Goal of the exercise:
Up to and including the line that contains "#5 car [1140,856,1154,866]", return every line from the start of the data, unchanged.

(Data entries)
•••••
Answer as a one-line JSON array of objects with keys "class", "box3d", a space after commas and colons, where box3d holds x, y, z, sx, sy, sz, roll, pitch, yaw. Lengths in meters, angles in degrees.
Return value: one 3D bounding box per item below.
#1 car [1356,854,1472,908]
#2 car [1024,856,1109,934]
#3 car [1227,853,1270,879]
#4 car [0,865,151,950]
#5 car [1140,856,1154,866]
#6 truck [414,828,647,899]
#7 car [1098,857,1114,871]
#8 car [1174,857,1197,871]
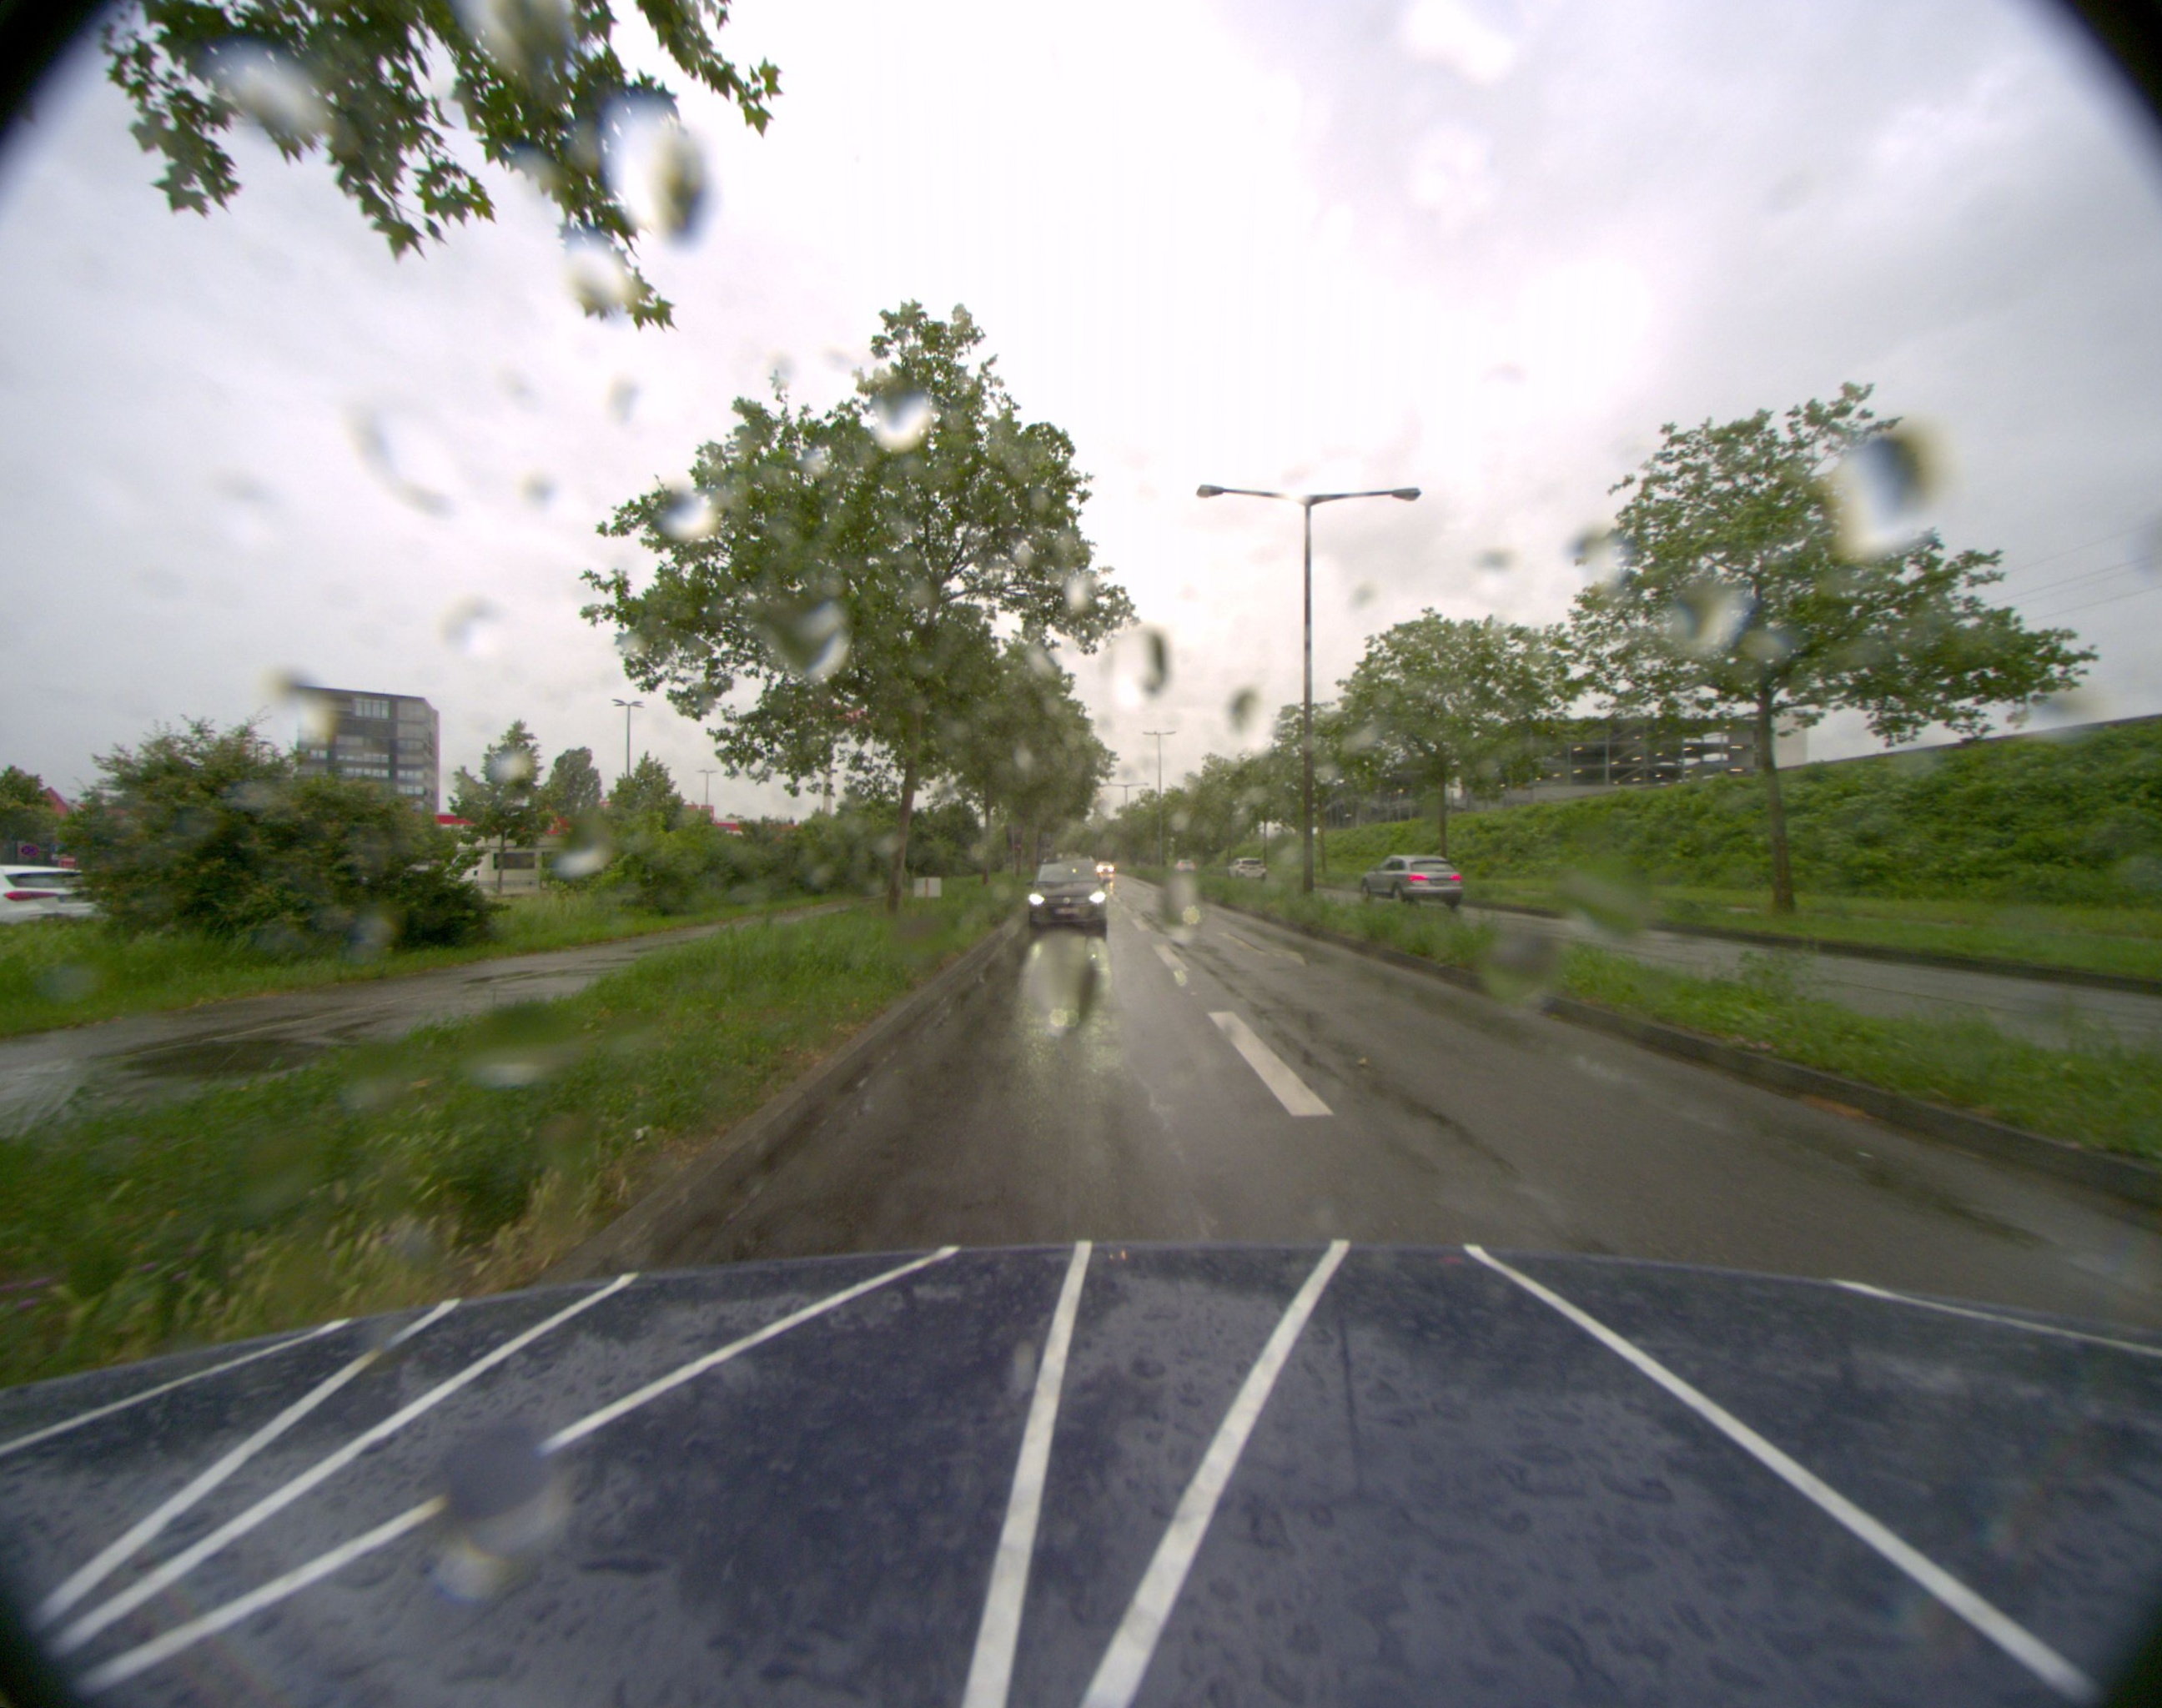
[{"class": "car", "box3d": [10.810, 0.810, 25.081, 1.861, 1.580, 4.518, 1, 0, 1]}, {"class": "car", "box3d": [-0.256, 0.907, 19.000, 1.788, 1.605, 4.717, -2, 0, 1]}, {"class": "car", "box3d": [10.966, 0.756, 50.062, 1.861, 1.579, 4.518, 0, 0, 1]}, {"class": "car", "box3d": [-19.730, 0.961, 13.441, 3.998, 1.357, 1.867, -2, 1, -3]}, {"class": "car", "box3d": [9.981, 0.987, 115.082, 1.936, 1.436, 3.707, -1, 0, 0]}, {"class": "truck", "box3d": [-19.881, 0.313, 27.765, 6.552, 2.291, 2.219, -2, 1, -6]}, {"class": "car", "box3d": [2.845, 1.106, 86.389, 1.729, 1.470, 4.000, -3, 0, 1]}, {"class": "car", "box3d": [11.411, 1.033, 83.172, 1.936, 1.436, 4.657, -1, 0, 0]}]
•••••
Solved problem:
Answer as a one-line JSON array of objects with keys "class", "box3d", a space after commas and colons, where box3d holds x, y, z, sx, sy, sz, roll, pitch, yaw. Lengths in meters, angles in degrees.
Return value: one 3D bounding box per item below.
#1 car [1356,854,1472,908]
#2 car [1024,856,1109,934]
#3 car [1227,853,1270,879]
#4 car [0,865,151,950]
#5 car [1140,856,1154,866]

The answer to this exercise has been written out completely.